Results: Measurable Improvements

After implementing these techniques, here are the performance gains:

Metric	Basic RAG	Advanced RAG
Avg Precision	0.43	0.44
Avg Recall	0.66	0.69
Avg F1 Score	0.52	0.54
Avg MRR	0.74	0.87
End-to-End Accuracy	71%	81%

The most dramatic improvement is in MRR (Mean Reciprocal Rank), jumping from 0.74 to 0.87—a direct result of re-ranking. End-to-end accuracy improved by 10 percentage points.

Production Considerations

Rate limits: Full evaluations may hit rate limits unless you're at Tier 2 or above.

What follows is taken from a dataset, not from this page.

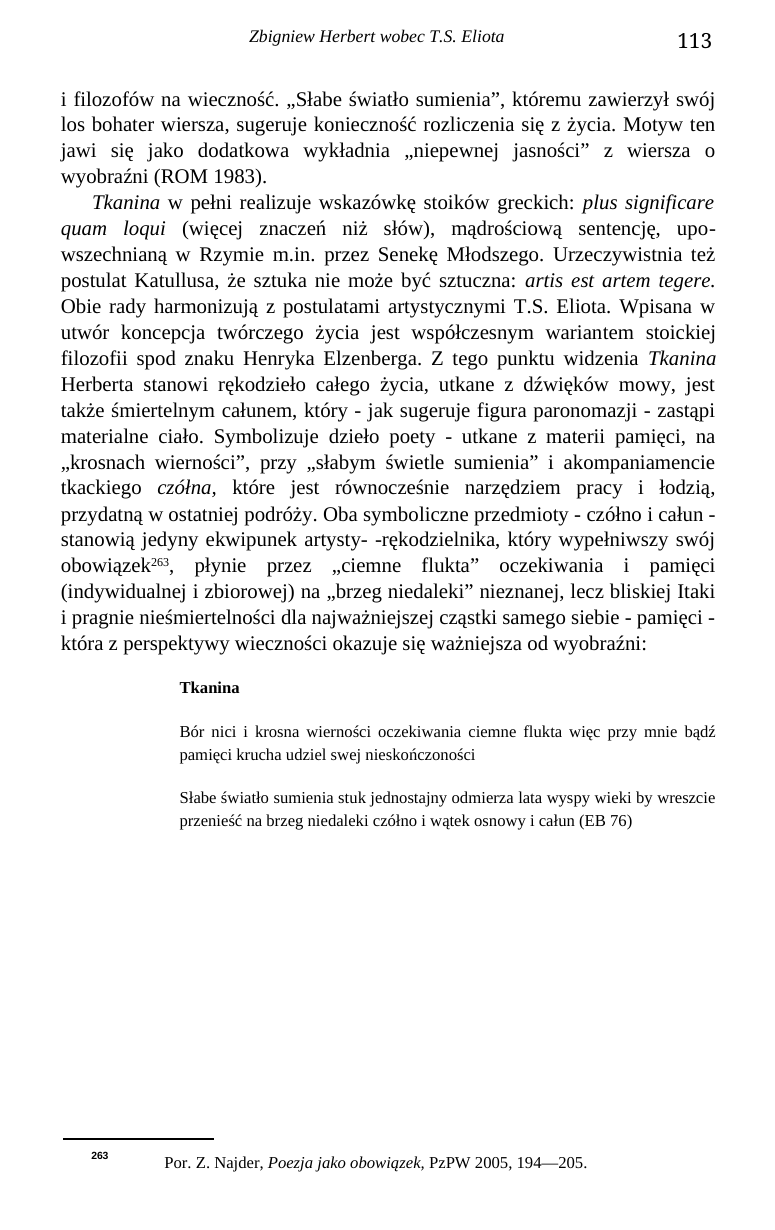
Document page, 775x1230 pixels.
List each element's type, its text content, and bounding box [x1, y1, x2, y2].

Consider sampling your evaluation dataset.
Vector database: For production, use a hosted solution like Pinecone, Weaviate, or Chroma.
Chunking strategy: Experiment with different chunk sizes and overlap strategies.
Embedding model: Voyage AI's voyage-2 works well, but test with your specific domain.

Key Takeaways

Evaluate retrieval and generation separately – This lets you pinpoint where improvements are needed, whether in finding relevant chunks or in answer quality.
Summary indexing improves semantic matching – By indexing both summaries and original chunks, you capture context that naive chunking misses.
Re-ranking dramatically improves MRR – Adding a Claude-powered re-ranking step after initial retrieval ensures the most relevant chunks appear first, boosting MRR from 0.74 to 0.87.
End-to-end accuracy gains are real – Advanced RAG techniques improved accuracy from 71% to 81% in our tests, a meaningful improvement for production systems.
Start simple, then iterate – Begin with basic RAG, establish your evaluation metrics, then layer on advanced techniques. Measure each change to confirm improvement.